Getting ahead of the game can do wonders for keeping stress in check. While your parents are still independent, take the time to chat with them about their finances and what type of care they may need in the years to come. With your kids, it’s smart to talk about how much financial support you’ll be able to provide once they graduate from high school. Having these discussions earlier can help relieve some of the pressure later.
Build a support system
If you have siblings, they can – and should – play a role in caring for your parents. You can also lean on your partner to help manage the responsibility of caring for your children. The more people who pitch in, the less of a burden it will be on any one person.

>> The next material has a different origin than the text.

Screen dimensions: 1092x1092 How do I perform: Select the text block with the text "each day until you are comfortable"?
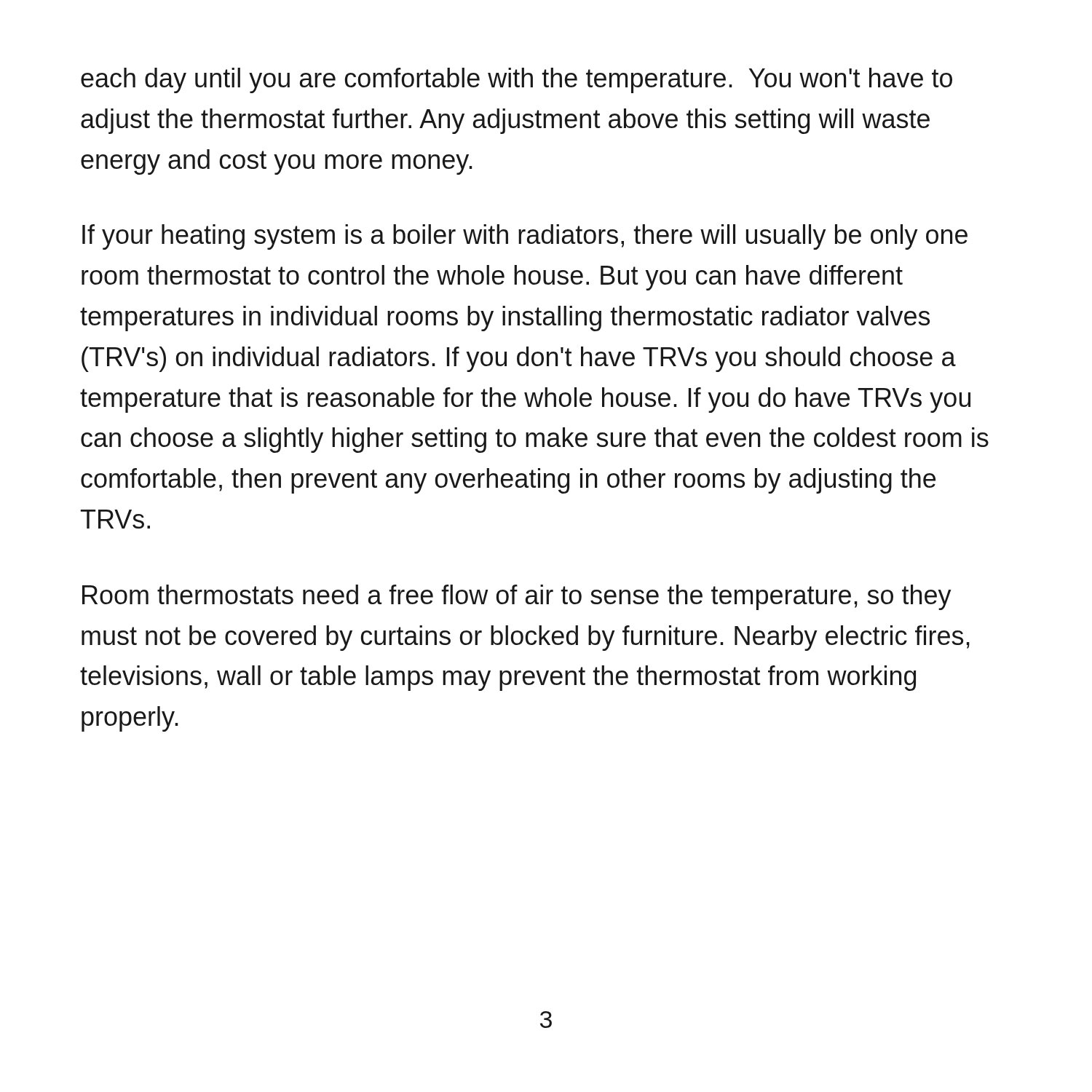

If it fits into your budget, hiring people to help with even small aspects of your day-to-day tasks can help lessen your load. Depending on your needs, you might consider hiring someone to provide in-home care for your parent or enroll him or her in an adult care program. Another way to seek help may include hiring a housekeeper to keep your home clean. It’s one less thing for you to worry about.
Talk to your employer
Avoid hiding your situation from your employer. It’s better to be proactive and work together to find ways to can manage your job and caregiving tasks. Helping your employer understand your situation is key to gaining more flexibility that can help you avoid stressful situations down the road.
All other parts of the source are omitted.